__What to do__.
Print what the records say exactly, and omit the pictures.

(Stored entries)
--
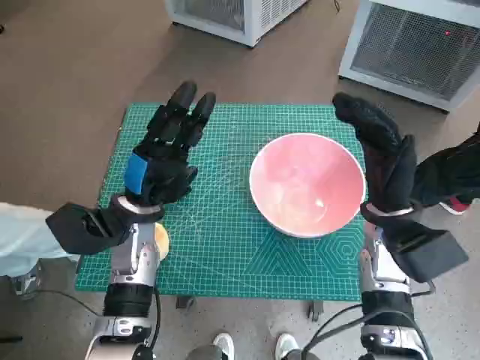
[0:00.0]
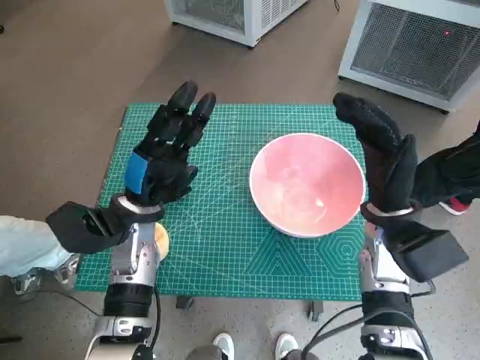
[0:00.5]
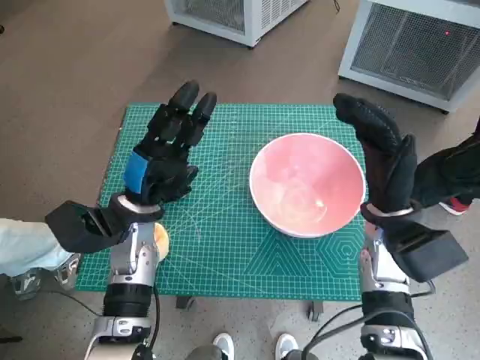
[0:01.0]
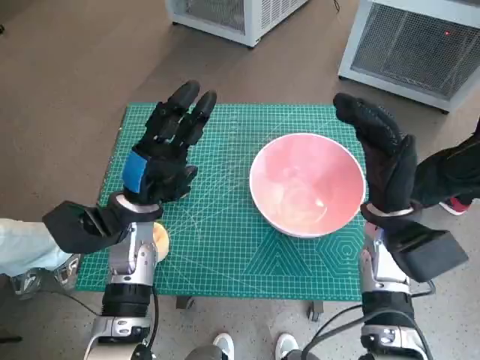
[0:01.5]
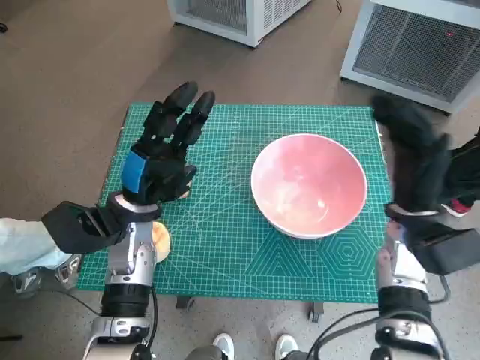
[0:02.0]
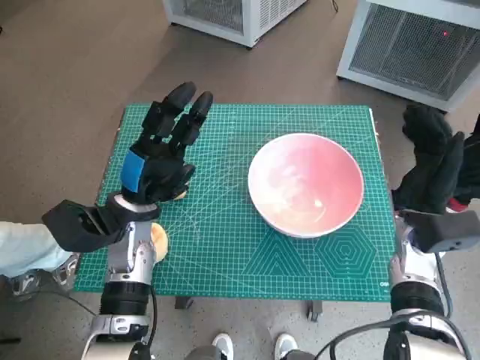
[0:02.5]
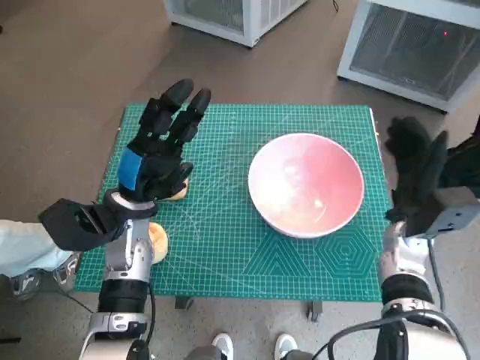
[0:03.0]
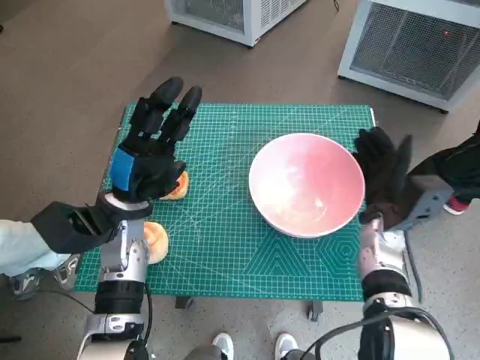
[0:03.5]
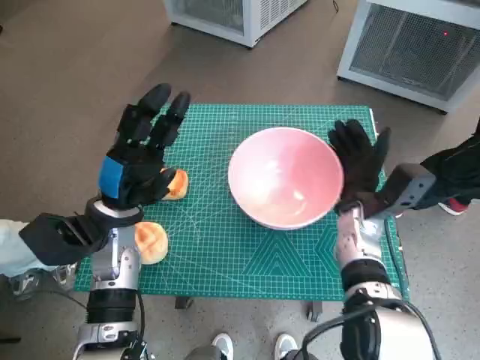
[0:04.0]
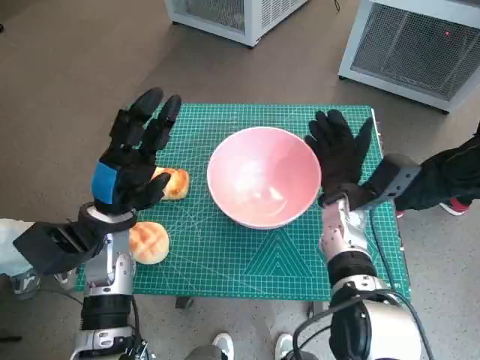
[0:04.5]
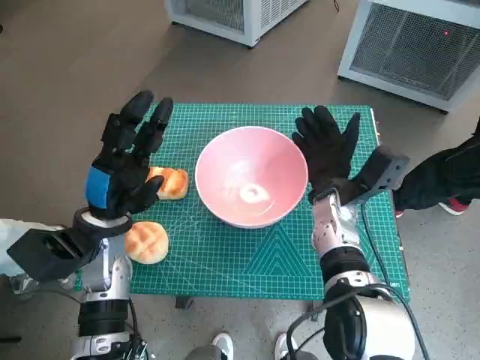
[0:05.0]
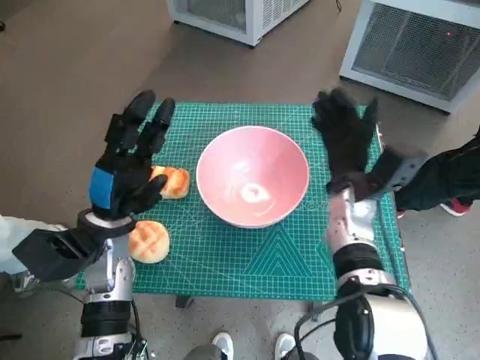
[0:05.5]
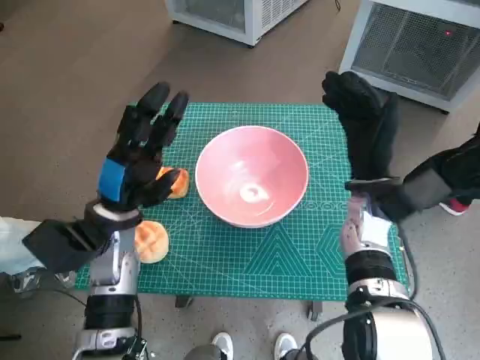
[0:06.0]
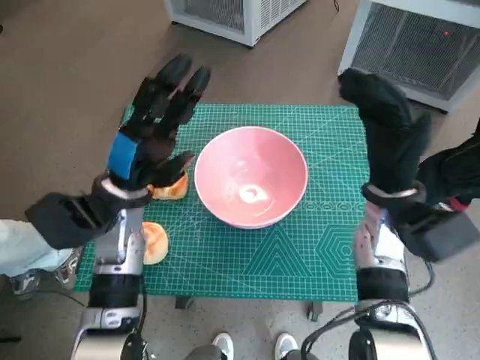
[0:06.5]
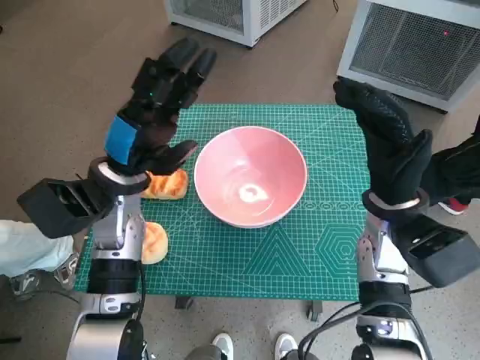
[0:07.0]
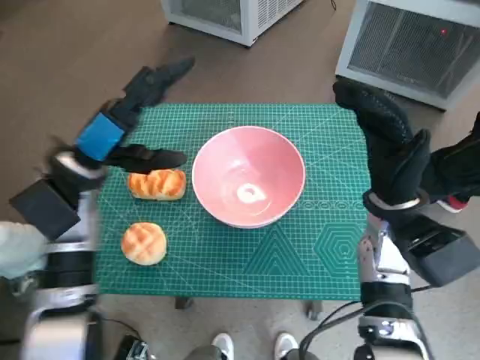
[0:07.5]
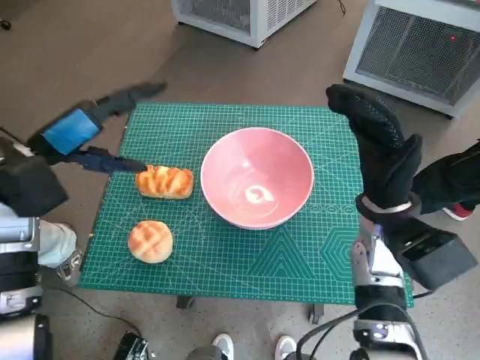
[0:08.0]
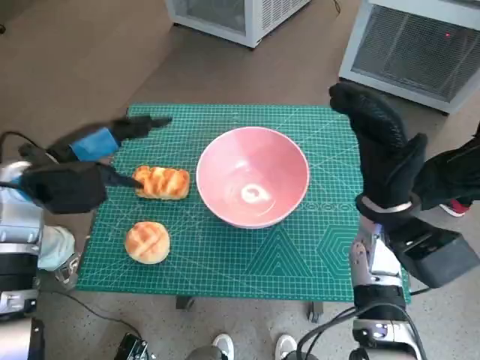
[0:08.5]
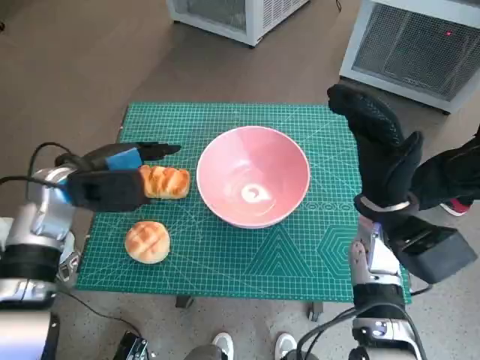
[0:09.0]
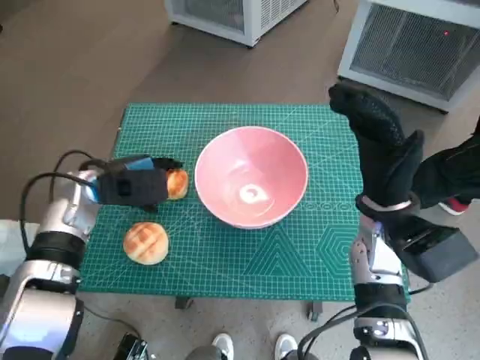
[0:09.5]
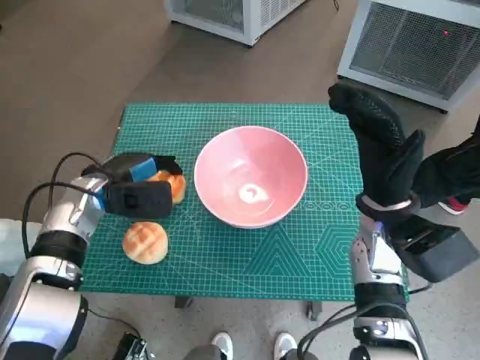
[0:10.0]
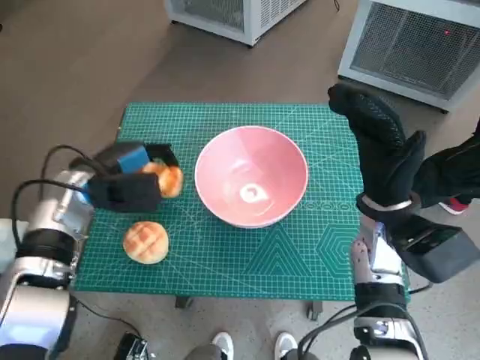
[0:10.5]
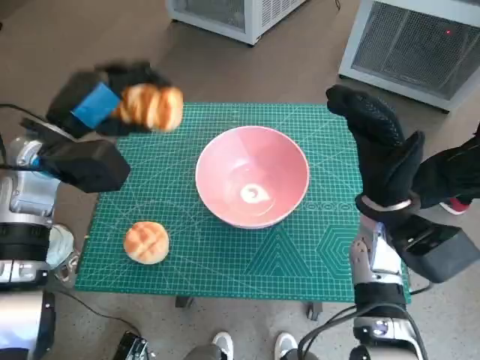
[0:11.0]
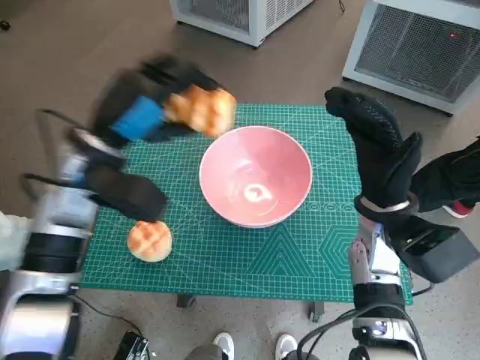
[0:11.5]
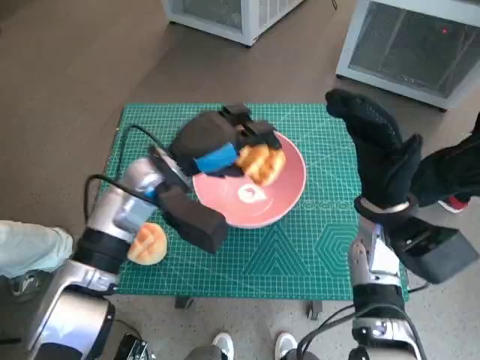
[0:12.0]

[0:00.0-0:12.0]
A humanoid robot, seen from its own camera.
--
__Response__.
[0:00.0]
[0:00.5]
[0:01.0]
[0:01.5]
[0:02.0]
[0:02.5]
[0:03.0]
[0:03.5]
[0:04.0]
[0:04.5]
[0:05.0]
[0:05.5]
[0:06.0]
[0:06.5]
[0:07.0]
[0:07.5]
[0:08.0]
[0:08.5]
[0:09.0]
[0:09.5]
[0:10.0]
[0:10.5]
[0:11.0]
[0:11.5]
[0:12.0]

[0:00.0-0:12.0]
A humanoid robot, seen from its own camera.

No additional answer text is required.